**Task directions**
Find and copy each line in the material below where the string "text" occurs.

**Records to process**
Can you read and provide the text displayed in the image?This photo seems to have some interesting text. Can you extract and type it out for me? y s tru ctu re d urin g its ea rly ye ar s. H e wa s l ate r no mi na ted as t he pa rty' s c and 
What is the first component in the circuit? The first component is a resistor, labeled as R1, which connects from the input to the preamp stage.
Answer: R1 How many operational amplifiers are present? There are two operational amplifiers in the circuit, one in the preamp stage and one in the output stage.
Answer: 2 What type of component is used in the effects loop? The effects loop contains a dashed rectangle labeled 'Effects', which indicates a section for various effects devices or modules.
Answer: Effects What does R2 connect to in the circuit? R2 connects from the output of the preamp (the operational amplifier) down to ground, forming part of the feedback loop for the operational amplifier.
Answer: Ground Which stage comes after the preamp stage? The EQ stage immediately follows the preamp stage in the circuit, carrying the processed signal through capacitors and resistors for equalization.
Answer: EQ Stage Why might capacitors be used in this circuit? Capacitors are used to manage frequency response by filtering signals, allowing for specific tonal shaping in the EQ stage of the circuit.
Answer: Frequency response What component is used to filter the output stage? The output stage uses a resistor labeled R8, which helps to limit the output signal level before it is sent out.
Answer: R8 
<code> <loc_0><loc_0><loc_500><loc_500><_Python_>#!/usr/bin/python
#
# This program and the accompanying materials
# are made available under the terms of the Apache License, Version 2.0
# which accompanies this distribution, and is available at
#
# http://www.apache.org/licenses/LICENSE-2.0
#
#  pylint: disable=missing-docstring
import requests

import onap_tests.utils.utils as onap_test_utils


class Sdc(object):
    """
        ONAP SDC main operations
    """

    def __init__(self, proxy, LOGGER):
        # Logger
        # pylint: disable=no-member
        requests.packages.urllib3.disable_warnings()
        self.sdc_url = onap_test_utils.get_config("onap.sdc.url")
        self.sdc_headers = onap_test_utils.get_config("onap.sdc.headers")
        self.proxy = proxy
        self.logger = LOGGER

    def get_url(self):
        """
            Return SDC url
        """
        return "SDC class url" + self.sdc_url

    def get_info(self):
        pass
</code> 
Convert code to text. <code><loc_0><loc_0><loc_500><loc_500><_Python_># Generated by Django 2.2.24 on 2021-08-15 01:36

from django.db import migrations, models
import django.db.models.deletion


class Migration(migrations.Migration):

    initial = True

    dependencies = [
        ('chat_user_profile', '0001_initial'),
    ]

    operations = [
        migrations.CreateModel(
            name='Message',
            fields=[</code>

**Response to this exercise**
Can you read and provide the text displayed in the image?This photo seems to have some interesting text. Can you extract and type it out for me? y s tru ctu re d urin g its ea rly ye ar s. H e wa s l ate r no mi na ted as t he pa rty' s c and 
Convert code to text. <code><loc_0><loc_0><loc_500><loc_500><_Python_># Generated by Django 2.2.24 on 2021-08-15 01:36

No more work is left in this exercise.